After a decade of working his way up through the indie film ranks, writer-director-producer Theodore Schaefer at last sees the debut of his highly distinctive first feature, co-written with Patrick Lawler, called Giving Birth to a Butterfly. The surreal drama took its buzzworthy festival bow at 2021’s Fantasia International Film Festival, but only recently made its U.S. roadshow theatrical run before dropping this week as an exclusive streaming premiere on Fandor.

Annie Parisse (Diana) and Gus Birney (Marlene) top an all-star cast of theatrical notables as two women, a generation apart, whose spiritual compasses are spinning wildly. After pharmacist Annie is scammed by a credit fraudster, she leaves her fraught household behind to hit the road with Marlene, her son’s pregnant (but not by him) girlfriend, on a quest to track down the culprit at a mysterious address… and, perhaps, find themselves in the process.
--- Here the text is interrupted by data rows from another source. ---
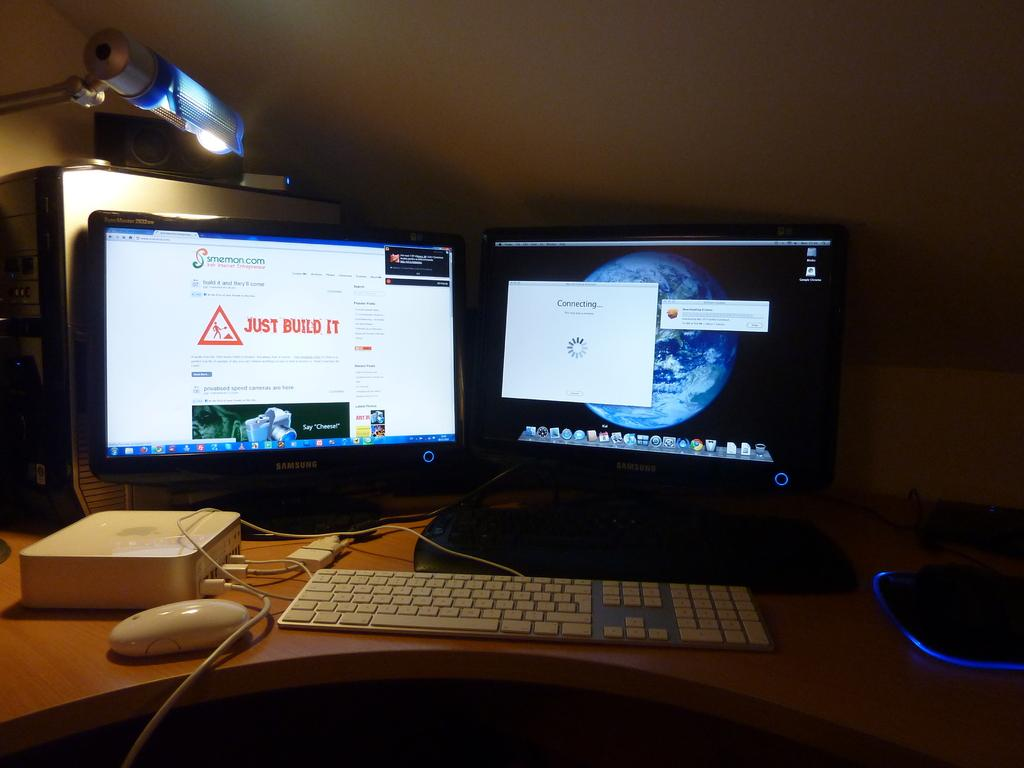Provide a one-sentence caption for the provided image. Two computer screens are shown on a desk, the one on the right is trying to connect. 
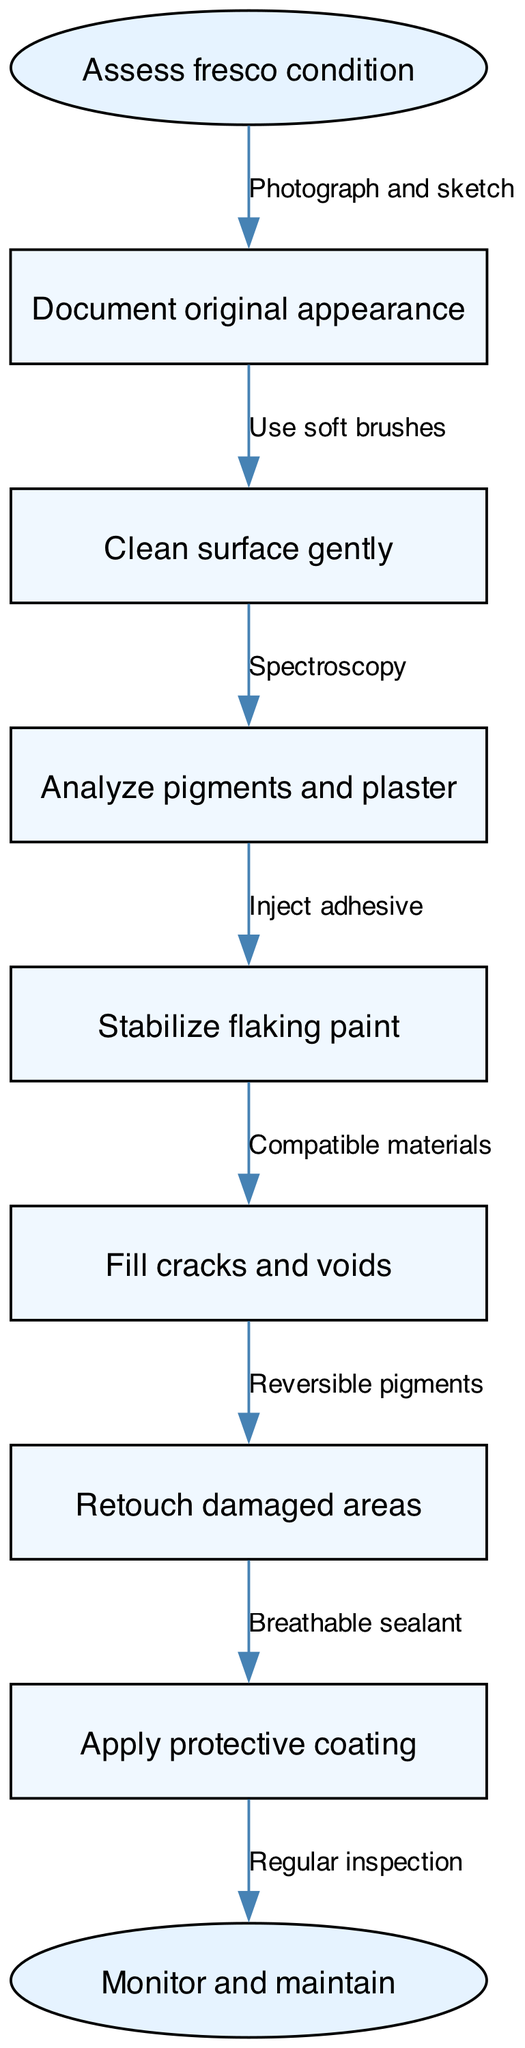What is the first step in restoring a fresco? The diagram indicates that the first step in restoring a fresco is to assess the fresco condition. This is the starting point of the flow chart.
Answer: Assess fresco condition How many intermediate steps are there in the restoration process? By counting the nodes between the start and end nodes, there are six intermediate steps detailed in the diagram.
Answer: 6 What is the last action taken before applying the protective coating? The diagram shows that the last action before applying the protective coating is to retouch damaged areas. This is a crucial step to ensure the fresco's appearance is restored.
Answer: Retouch damaged areas What method is indicated for cleaning the surface of the fresco? The diagram specifies that the surface should be cleaned gently using soft brushes. This helps to avoid damaging the fresco during the cleaning process.
Answer: Use soft brushes What is used to stabilize flaking paint? The diagram indicates that an adhesive should be injected to stabilize flaking paint. This step is essential to preserve the integrity of the paint on the fresco.
Answer: Inject adhesive How does one fill cracks and voids in the fresco? According to the diagram, cracks and voids are filled using compatible materials. This ensures that the repair is effective and does not damage the original artwork.
Answer: Compatible materials What technique is employed to analyze pigments and plaster? The diagram indicates that spectroscopy is used for analyzing pigments and plaster. This scientific technique allows conservators to understand the materials used in the fresco.
Answer: Spectroscopy What is the purpose of applying a protective coating? The protective coating is applied to seal the fresco and ensure its longevity, as indicated in the diagram. It acts as a barrier against environmental damage while allowing the fresco to breathe.
Answer: Breathable sealant Which step follows stabilizing flaking paint? After stabilizing flaking paint, the next step is to fill cracks and voids. This is a sequential process aimed at repairing the areas affected by deterioration.
Answer: Fill cracks and voids 
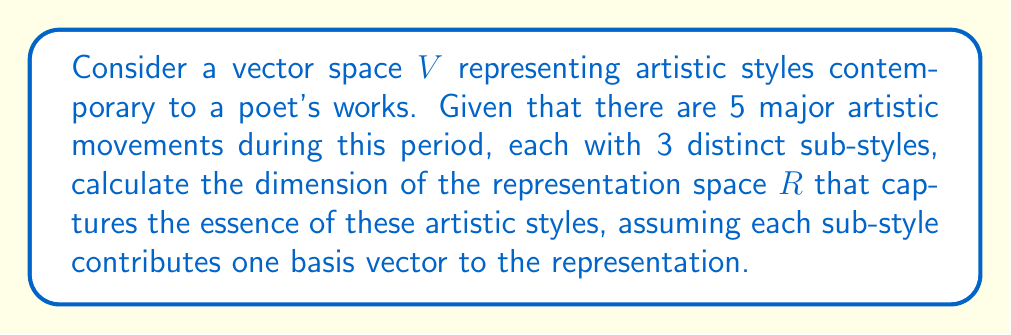What is the answer to this math problem? To solve this problem, we'll follow these steps:

1) First, let's identify the structure of our representation space:
   - We have 5 major artistic movements
   - Each movement has 3 distinct sub-styles

2) In representation theory, each distinct element that contributes to the representation typically corresponds to a basis vector in the representation space.

3) In this case, each sub-style contributes one basis vector to the representation.

4) To calculate the total number of basis vectors, and thus the dimension of the representation space, we multiply:
   $$ \text{Number of movements} \times \text{Number of sub-styles per movement} $$

5) Plugging in our values:
   $$ 5 \times 3 = 15 $$

6) Therefore, the dimension of the representation space $R$ is 15.

This 15-dimensional space can be thought of as capturing the essence of the artistic styles contemporary to the poet's works, with each dimension representing a specific sub-style within a major artistic movement.
Answer: 15 
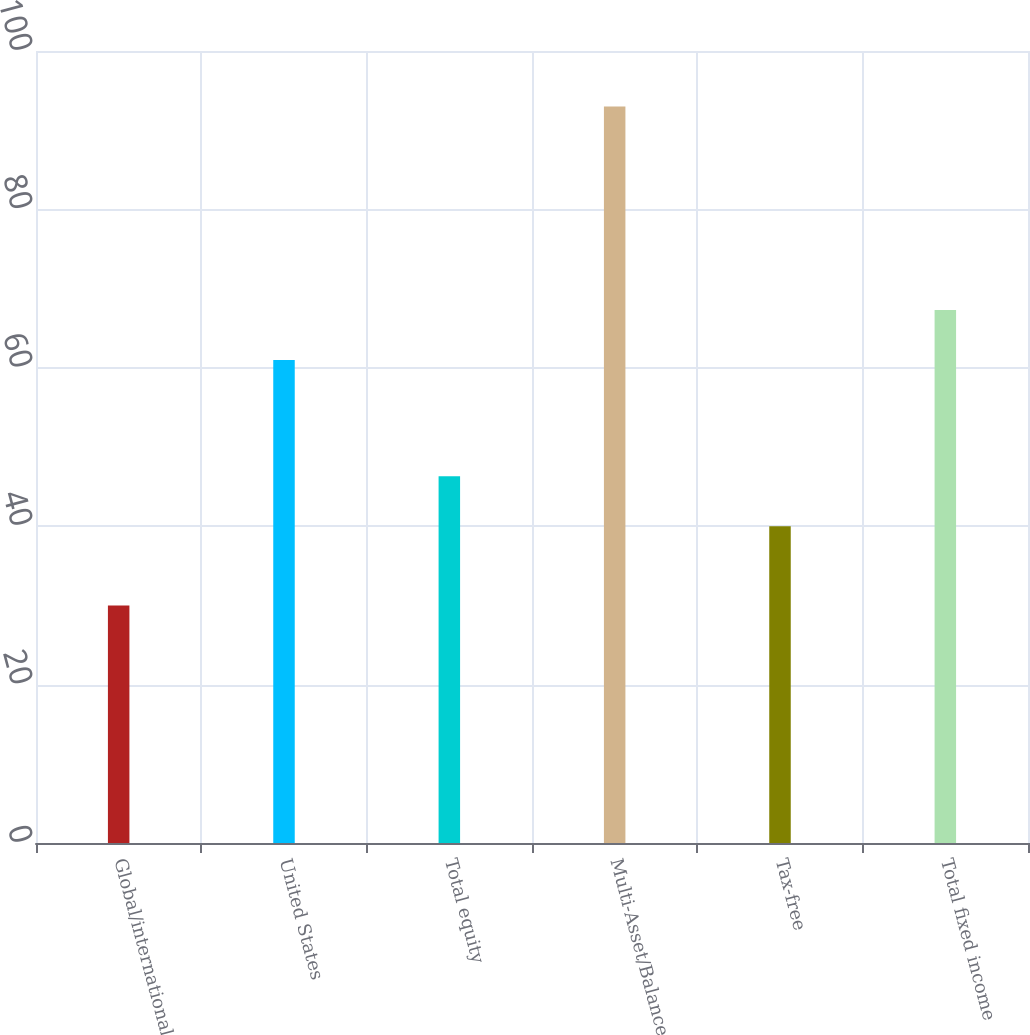<chart> <loc_0><loc_0><loc_500><loc_500><bar_chart><fcel>Global/international<fcel>United States<fcel>Total equity<fcel>Multi-Asset/Balanced<fcel>Tax-free<fcel>Total fixed income<nl><fcel>30<fcel>61<fcel>46.3<fcel>93<fcel>40<fcel>67.3<nl></chart> 
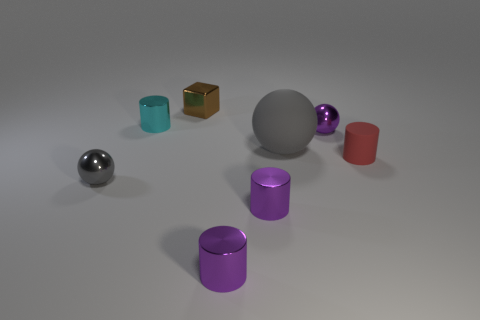Add 1 small objects. How many objects exist? 9 Subtract all balls. How many objects are left? 5 Add 3 big rubber objects. How many big rubber objects exist? 4 Subtract 2 purple cylinders. How many objects are left? 6 Subtract all cyan matte things. Subtract all big matte objects. How many objects are left? 7 Add 8 small gray metallic things. How many small gray metallic things are left? 9

The film’s uncanny tone, eccentric characters, theatrical writing and imaginative art design — all assembled before cinematographer Matt Clegg’s 16mm camera — conspire in one of the year’s most original films.

Schaefer, who also produced Jane Schoenbrun’s coming-of-age Internet spooker We’re All Going to the World’s Fair and Dustin Guy Defa’s latest comedy The Adults, spoke recently with Keyframe about his long-term collaboration with Lawler, nailing the film’s unusual vibe and the challenges of shooting a character (played by veteran actress Judith Roberts, whose career started as “The Beautiful Girl Across the Hall” in David Lynch’s Eraserhead) as twins in a climactic scene.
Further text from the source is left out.